Les ressorts comiques de la situation sont un peu trop appuyés, les caractères des trois personnages se devant d’être très différents afin de nourrir conflits et désaccords quant à la manière de fonctionner ensemble, tandis que le choix de les représenter également pleines et entières, telles qu’elles étaient avant, lorsqu’elles réfléchissent et mettent au point leur plan de vengeance, s’avère à double tranchant, ou plutôt une fausse bonne idée, puisque cette représentation de la cacophonie mentale les animant se révèle trop littérale, même si l’on y gagne sûrement en clarté. Cela efface également le poids du personnage recomposé, véritable freaks arborant plusieurs chevelures et un déhanché très bancal, résultat d’une opération que l’on devine peu maîtrisée aussi bien que d’une difficulté à faire se mouvoir un corps régenté par trois esprits. Les personnalités des trois femmes réassemblées sont peu nuancées et virent à l’archétype (la working girl, la Lolita naïve, la complexée), mais moins que lorsqu’il s’agit des personnages masculins, cons et vicelards (à l’exception d’un jeune Anglais, personnage adjuvant mais hélas peu consistant), qui feront les frais de la colère de la Frankendemoiselle, lancées dans une croisade meurtrière sur la base d’aucune preuve quant à l’identité du coupable les ayant prises pour de la pâte fimo humaine.

 

Cependant, telle la créature sur sa morbide table d’opération, la narration finit par se redresser avec l’ajout de nouveaux éléments plus concrets sur le pourquoi du comment, raccrochant un peu tard mais relativement efficacement le wagon d’une résolution ne sacrifiant pas au délirant tout en acquérant une certaine cohérence. C’est là aussi que l’on retrouve le cœur inspirant du film, avec le duo créature de Frankenstein / savant fou, pour une variation intéressante abordant le thème de la dictature de la beauté, avant un final gagnant en rythme et en hémoglobine. Si l’ensemble se révèle parsemé de défauts, l’effort demeure louable, et même efficace par moments. Patchwork hétéroclite lui-même, composé de « body parts » ne s’emboîtant pas parfaitement mais dénotant tout de même un certain talent, le film incite au final à retenir le nom de Tyler McIntyre, qui a manifestement de la ressource et des idées, et le tout sans prétention.

Audrey Jeamart

Posted by Nola Carveth 4 Comments

4 comments

  • Je prends bonne note de ce Patchwork, visiblement imparfait, mais qui marche dans le sillage et la continuité de toutes ces bisseries horrifiques égrillardes et sans prétention. Je suis preneur.
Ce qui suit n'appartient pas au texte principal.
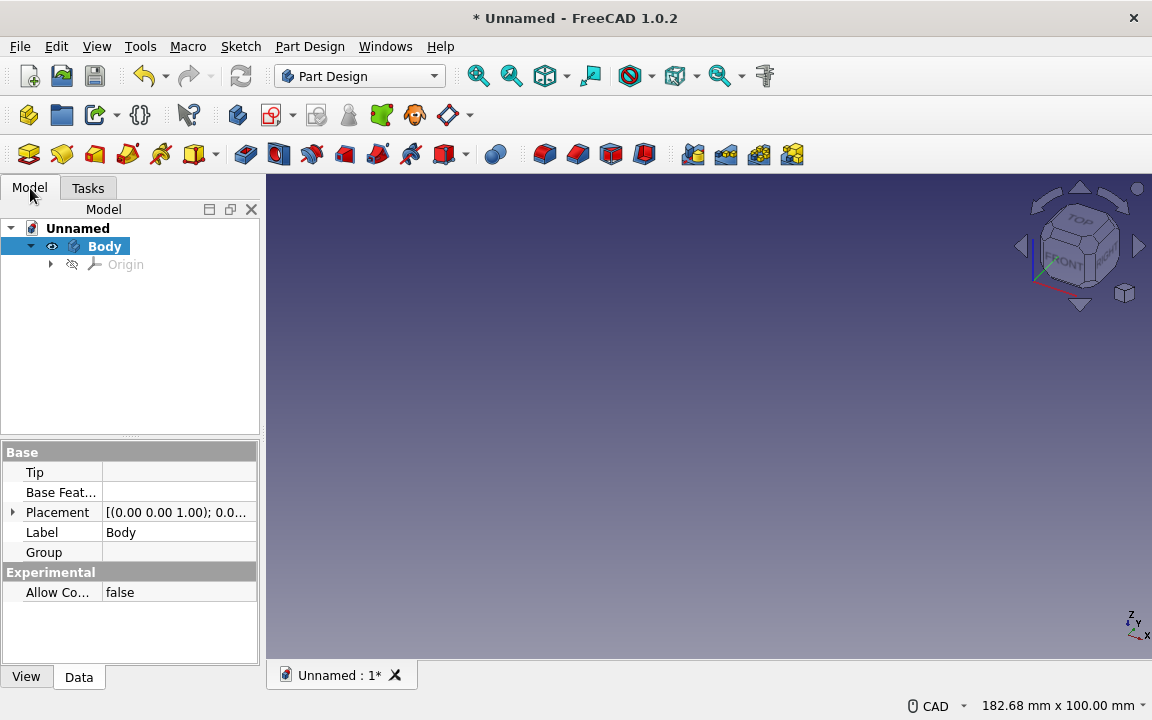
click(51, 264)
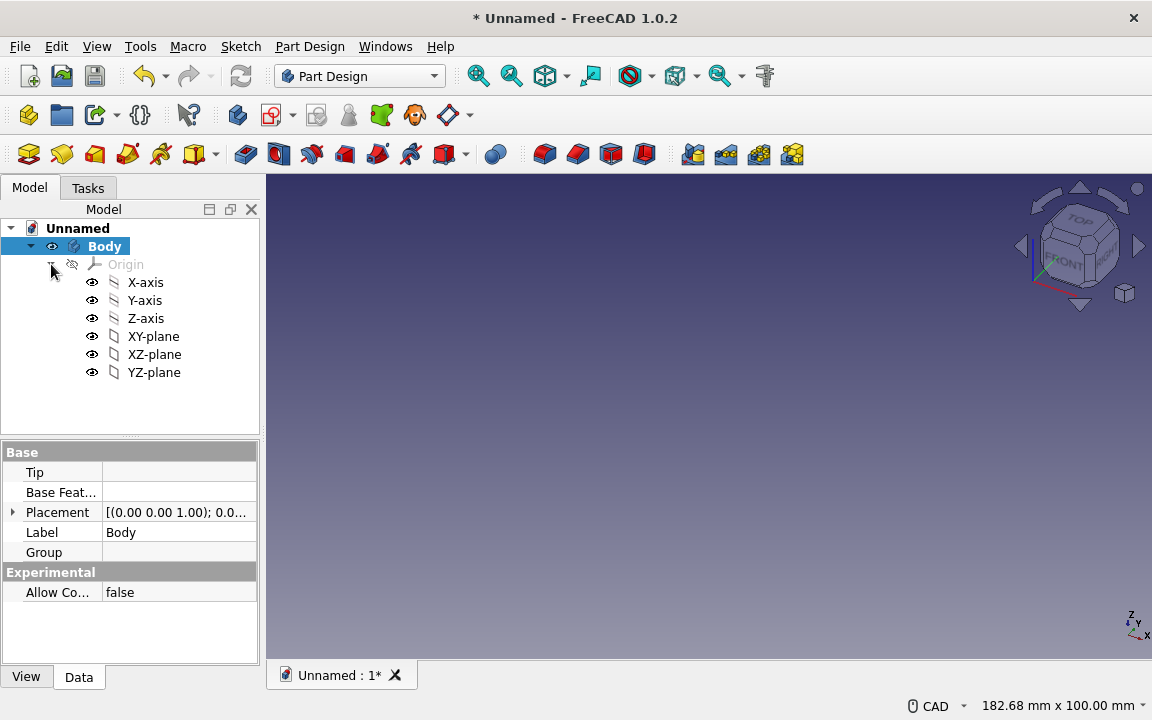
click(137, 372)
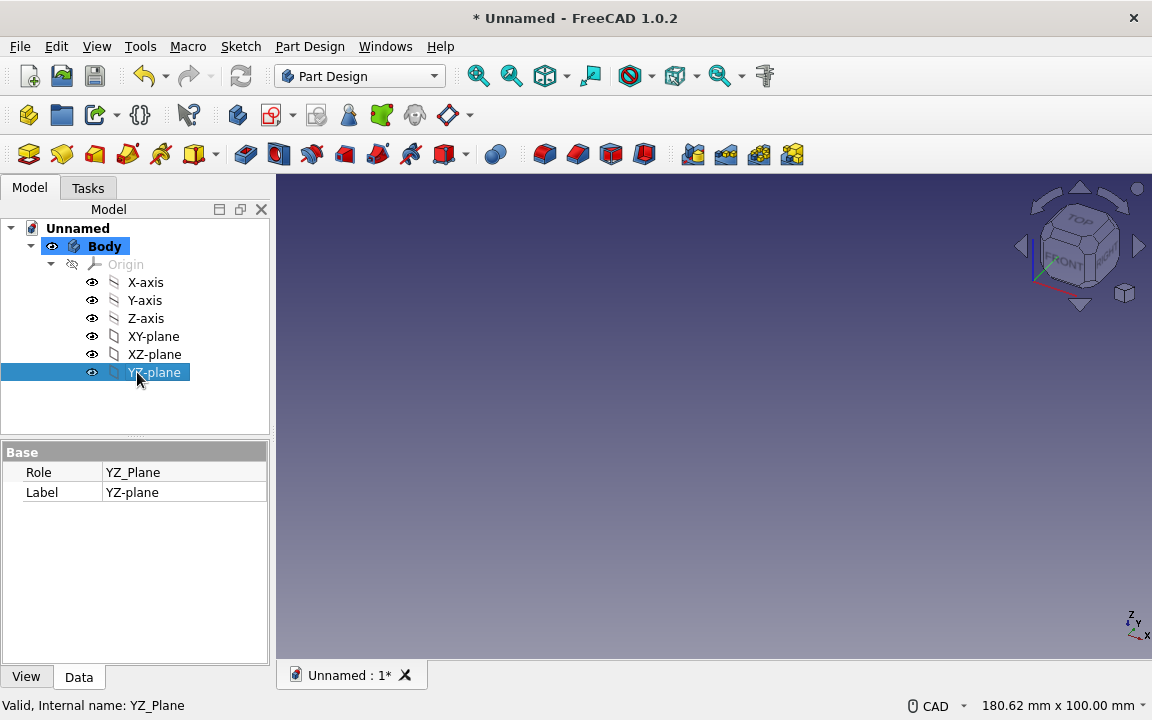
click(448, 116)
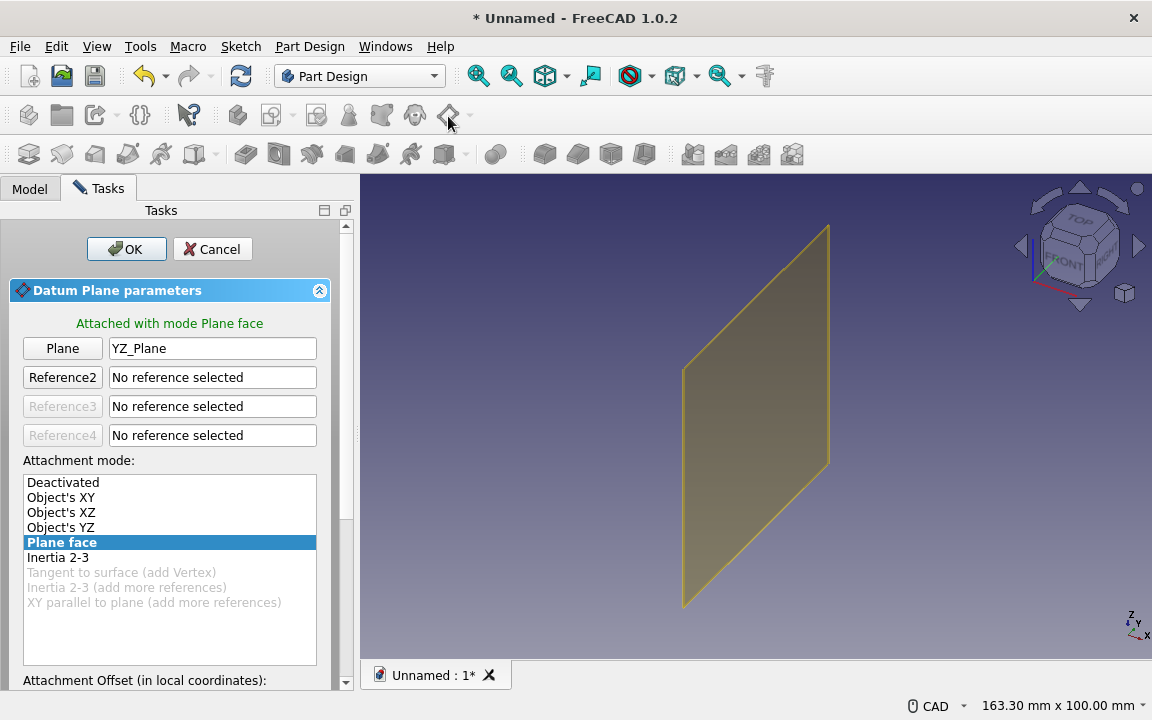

    • Scopophilia Scopophilia dit :

      L’absence de prétention le sauve, et il apporte sa touche au paysage, en dépit de ses petites erreurs de parcours. Hétéroclite mais pas déplaisant.

  • Roggy dit :

    Tu décris très bien « Patchwork » que j’ai aussi bien apprécié avec cette folie finalement maîtrisée qui évite le piège du ridicule.

    • Scopophilia Scopophilia dit :

      Merci Roggy, j’étais un peu déçue sur le coup, mais finalement oui, il se tient. Une démarche un peu étrange et des sutures manquant parfois de finesse, mais une créature appréciable, en définitive.